父が先般、説教原稿をふたつに折り畳んでスマートレターに入れて送付してくれた。ふと思う。父が教会を牧会していた時、早天祈禱会というのがあって仕事へ行く前の早朝に有志が集まって祈っていた。有志の方はふたり共にすでに戦いの多かった人生を終えている。そして本稿を記しているわたしは教会から離れてしまい、まだ地上で悪戦苦闘している。

父もまた暗いうちから起きて朝の一番いい時間を神に捧げていた。教会開拓時代の早天祈禱会で父は手を組んだまま眠ってしまったことがあった。教会員の述懐で知った。彼女は非難しているのではなかった。むしろ―わたしは全身温かいものに包まれた。早天祈禱会など行っている教会は名古屋ではわたしの知る限りない。

早天祈祷会に出ていたのは父と教会員ふたりだ。わたしは、ふたりの顔をありありと思い浮かべることができる。職業はささやかだった。有名企業に勤める高給取りではなかった。けれども神に対する姿勢は確かだった。それゆえ仕事振りは不器用だったかも知れないが一心に働いていたはずだ。事実、ふたりは長年失業もせずに家族を養っていた。
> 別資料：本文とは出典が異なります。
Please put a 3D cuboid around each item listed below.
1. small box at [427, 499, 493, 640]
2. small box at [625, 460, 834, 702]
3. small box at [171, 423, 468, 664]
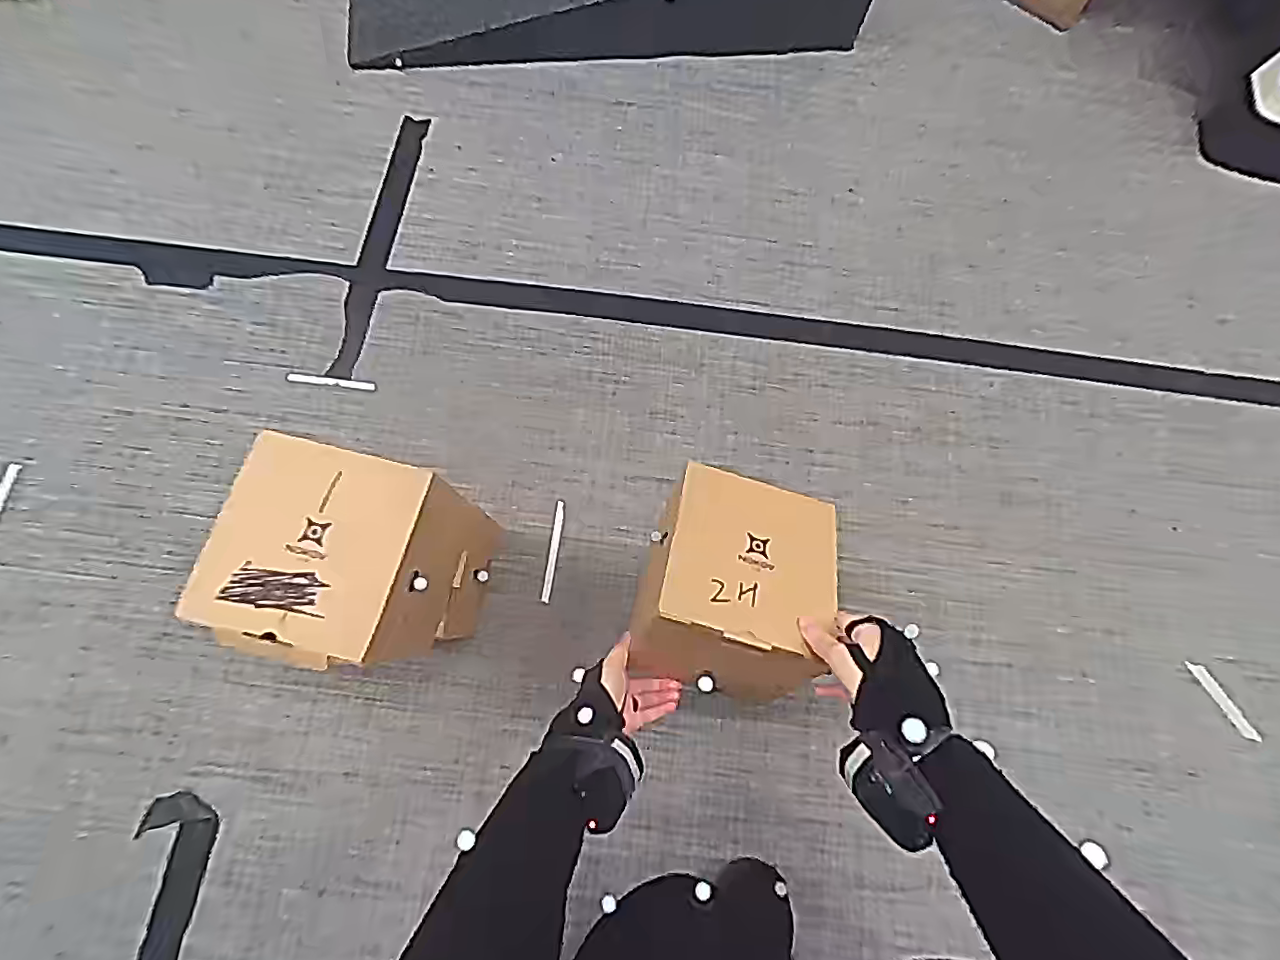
[{"bbox_3d":[-0.302,0.106,0.700,0.179,0.176,0.168,10,75,-2],"label":"small box"},{"bbox_3d":[0.090,0.114,0.580,0.168,0.176,0.179,17,54,-2],"label":"small box"},{"bbox_3d":[-0.289,0.070,0.539,0.168,0.176,0.179,15,74,0],"label":"small box"}]
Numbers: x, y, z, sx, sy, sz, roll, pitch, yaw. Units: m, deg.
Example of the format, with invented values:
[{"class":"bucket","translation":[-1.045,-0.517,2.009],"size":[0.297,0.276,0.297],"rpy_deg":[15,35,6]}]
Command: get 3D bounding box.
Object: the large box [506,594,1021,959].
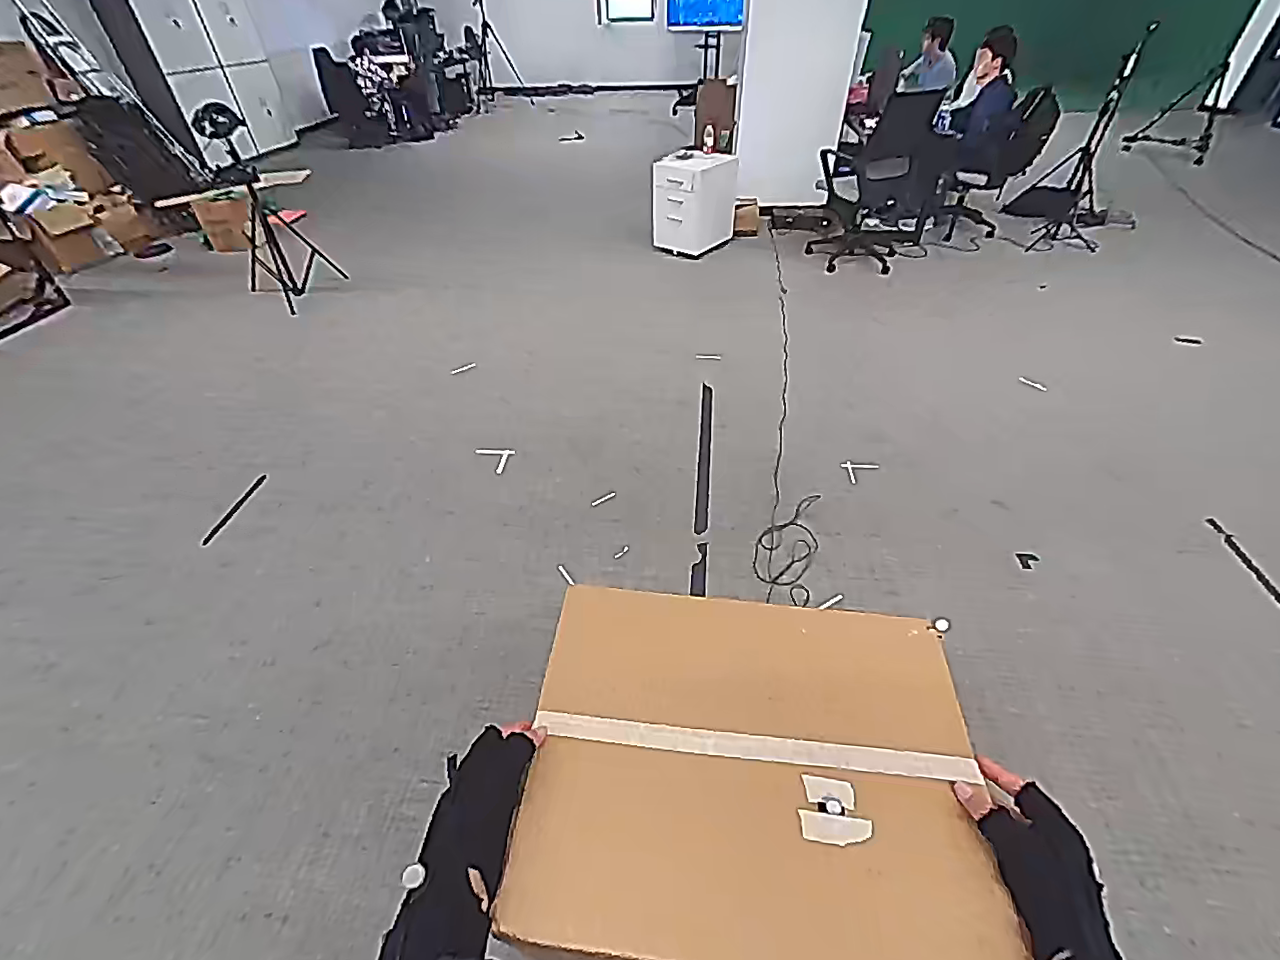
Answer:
[{"class":"large box","translation":[0.102,0.359,0.620],"size":[0.408,0.320,0.320],"rpy_deg":[5,46,5]}]
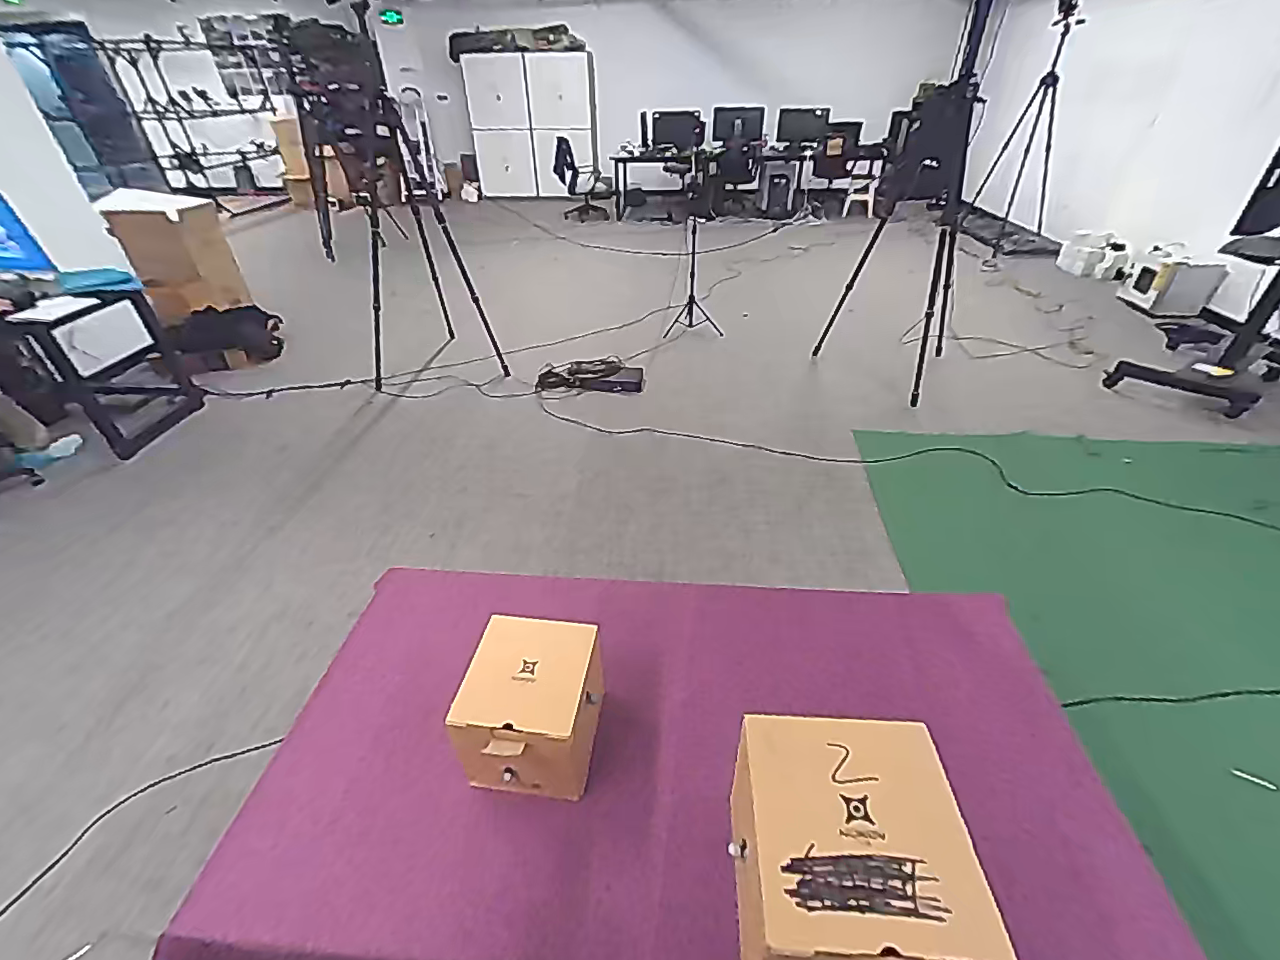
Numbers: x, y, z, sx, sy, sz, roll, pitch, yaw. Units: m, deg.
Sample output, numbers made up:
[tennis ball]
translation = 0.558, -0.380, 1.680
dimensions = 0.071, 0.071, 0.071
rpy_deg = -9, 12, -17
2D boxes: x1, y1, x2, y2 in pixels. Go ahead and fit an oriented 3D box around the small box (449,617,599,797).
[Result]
[small box]
translation = -0.157, 0.334, 0.803
dimensions = 0.168, 0.176, 0.179
rpy_deg = 4, 37, 7

父は牧師を退いて久しいが今このひと時も教会員の名前を上げながら一人ひとりのために祈っているはずだ。宗教は愚かだろうか。父が現役のときに敬虔さは決して身を滅ぼさない、という趣旨のことを礼拝で語っていた。宗教に熱心であっても、それが妙な方向へ行かず、早朝に起きて祈るというのであれば、その情熱は評価されていい。

脈絡もなく福音書の一節を思う。「彼らはすでに報いを受けているのである」。誤解のないように聖書から該当箇所のテキストを引用しておく。マタイによる福音書の六章からだ。なお、訳は新共同訳である。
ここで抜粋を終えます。